Check each line of the entries below for the word "Quick" and state only how many lines have it.

Data records:
--- START ---
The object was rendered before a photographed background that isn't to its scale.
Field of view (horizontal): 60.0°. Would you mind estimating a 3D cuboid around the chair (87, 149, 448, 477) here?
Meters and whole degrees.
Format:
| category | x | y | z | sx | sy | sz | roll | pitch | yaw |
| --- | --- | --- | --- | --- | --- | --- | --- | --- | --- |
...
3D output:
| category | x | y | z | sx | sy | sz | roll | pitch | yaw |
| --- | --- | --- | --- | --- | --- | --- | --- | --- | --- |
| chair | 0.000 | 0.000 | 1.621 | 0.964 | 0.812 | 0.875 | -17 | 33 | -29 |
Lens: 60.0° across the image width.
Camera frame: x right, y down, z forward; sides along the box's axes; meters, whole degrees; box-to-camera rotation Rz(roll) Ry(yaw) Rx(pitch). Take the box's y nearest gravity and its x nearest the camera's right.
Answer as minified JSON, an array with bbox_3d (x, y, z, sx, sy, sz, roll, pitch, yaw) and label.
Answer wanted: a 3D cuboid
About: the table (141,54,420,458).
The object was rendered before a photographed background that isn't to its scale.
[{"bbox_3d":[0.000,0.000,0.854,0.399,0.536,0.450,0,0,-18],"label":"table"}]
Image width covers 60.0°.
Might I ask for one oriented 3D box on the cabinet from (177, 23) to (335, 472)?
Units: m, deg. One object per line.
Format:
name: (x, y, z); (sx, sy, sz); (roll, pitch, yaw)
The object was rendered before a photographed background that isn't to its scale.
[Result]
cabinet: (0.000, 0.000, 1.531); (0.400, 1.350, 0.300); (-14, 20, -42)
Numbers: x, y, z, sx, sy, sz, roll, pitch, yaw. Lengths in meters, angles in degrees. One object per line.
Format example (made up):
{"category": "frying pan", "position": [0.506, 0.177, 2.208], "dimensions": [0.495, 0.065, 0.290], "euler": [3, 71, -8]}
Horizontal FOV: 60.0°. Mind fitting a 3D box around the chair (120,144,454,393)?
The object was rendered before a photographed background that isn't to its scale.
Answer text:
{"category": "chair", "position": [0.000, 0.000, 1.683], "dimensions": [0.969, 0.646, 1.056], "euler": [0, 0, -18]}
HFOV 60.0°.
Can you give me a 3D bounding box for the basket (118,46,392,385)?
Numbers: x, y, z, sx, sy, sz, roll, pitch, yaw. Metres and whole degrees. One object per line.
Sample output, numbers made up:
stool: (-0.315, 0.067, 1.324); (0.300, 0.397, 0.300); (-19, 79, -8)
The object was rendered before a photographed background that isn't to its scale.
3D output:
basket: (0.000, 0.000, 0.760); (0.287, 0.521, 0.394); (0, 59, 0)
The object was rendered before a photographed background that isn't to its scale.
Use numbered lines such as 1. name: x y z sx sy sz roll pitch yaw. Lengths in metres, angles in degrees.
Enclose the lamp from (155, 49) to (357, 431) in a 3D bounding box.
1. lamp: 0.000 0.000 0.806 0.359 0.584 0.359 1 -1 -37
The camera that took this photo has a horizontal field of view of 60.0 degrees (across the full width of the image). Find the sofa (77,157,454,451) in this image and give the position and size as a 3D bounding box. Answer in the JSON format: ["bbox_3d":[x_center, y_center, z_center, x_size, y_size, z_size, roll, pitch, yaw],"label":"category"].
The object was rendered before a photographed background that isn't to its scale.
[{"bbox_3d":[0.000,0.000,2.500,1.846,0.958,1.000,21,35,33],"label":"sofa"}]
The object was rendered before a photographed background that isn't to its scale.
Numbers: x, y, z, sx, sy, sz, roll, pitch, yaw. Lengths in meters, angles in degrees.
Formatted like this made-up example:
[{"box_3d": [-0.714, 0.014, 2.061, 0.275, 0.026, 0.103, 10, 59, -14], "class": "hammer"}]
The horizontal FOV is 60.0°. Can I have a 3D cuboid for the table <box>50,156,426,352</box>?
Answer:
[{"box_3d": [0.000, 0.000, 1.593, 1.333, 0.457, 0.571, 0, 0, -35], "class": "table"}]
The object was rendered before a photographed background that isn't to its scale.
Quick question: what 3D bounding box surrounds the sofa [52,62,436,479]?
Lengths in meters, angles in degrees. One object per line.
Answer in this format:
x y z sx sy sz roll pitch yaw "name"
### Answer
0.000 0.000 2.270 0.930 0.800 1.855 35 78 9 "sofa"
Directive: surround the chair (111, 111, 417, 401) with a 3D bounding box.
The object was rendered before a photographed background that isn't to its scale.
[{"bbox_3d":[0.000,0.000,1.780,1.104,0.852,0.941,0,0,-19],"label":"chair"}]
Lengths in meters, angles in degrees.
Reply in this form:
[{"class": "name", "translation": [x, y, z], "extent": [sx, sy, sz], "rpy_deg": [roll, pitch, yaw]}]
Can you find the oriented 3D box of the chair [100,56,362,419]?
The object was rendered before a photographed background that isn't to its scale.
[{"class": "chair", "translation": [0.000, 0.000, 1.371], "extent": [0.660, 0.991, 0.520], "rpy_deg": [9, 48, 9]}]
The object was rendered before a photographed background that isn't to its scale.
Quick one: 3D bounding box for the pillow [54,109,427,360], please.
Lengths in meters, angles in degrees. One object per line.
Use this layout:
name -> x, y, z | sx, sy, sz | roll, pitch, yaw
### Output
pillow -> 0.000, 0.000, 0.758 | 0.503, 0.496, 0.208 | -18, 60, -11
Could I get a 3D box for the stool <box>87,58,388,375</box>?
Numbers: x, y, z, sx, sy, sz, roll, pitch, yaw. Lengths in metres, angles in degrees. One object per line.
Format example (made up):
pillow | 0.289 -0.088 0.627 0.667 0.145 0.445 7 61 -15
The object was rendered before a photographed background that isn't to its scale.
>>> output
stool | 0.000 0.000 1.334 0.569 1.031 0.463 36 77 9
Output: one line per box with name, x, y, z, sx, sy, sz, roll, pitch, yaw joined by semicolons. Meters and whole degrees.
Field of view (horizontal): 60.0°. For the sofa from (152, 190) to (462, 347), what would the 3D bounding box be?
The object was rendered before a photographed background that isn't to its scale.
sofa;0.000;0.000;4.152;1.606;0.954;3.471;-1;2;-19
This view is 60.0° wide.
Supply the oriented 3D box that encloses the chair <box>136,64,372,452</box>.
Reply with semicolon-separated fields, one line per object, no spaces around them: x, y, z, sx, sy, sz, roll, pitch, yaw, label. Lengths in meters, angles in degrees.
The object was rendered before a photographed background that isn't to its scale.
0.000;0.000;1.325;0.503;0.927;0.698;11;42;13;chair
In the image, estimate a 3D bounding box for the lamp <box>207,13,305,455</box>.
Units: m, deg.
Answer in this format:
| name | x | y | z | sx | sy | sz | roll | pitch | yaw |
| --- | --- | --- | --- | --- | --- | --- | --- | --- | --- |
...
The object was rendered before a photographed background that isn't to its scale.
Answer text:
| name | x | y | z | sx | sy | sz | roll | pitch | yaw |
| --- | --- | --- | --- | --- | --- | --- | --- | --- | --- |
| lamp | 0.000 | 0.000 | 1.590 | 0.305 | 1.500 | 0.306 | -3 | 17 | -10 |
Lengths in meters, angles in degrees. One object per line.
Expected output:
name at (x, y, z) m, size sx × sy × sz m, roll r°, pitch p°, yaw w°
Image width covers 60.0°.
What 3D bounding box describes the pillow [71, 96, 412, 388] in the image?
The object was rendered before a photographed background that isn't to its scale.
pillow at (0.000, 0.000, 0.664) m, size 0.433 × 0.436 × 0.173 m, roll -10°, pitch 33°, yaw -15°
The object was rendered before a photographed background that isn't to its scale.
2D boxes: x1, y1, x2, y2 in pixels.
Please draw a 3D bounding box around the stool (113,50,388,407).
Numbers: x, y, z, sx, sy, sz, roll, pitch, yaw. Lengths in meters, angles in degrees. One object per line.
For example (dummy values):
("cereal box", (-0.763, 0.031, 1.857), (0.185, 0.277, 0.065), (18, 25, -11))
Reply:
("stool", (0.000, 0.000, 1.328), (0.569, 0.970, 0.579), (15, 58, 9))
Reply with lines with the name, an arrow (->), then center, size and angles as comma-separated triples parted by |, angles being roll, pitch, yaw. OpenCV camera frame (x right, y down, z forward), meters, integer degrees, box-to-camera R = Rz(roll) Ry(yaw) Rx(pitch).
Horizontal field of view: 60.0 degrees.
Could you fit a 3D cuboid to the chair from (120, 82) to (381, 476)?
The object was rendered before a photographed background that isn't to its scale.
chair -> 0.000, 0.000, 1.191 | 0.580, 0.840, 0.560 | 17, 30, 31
--- END ---
RESPONSE AREA: 2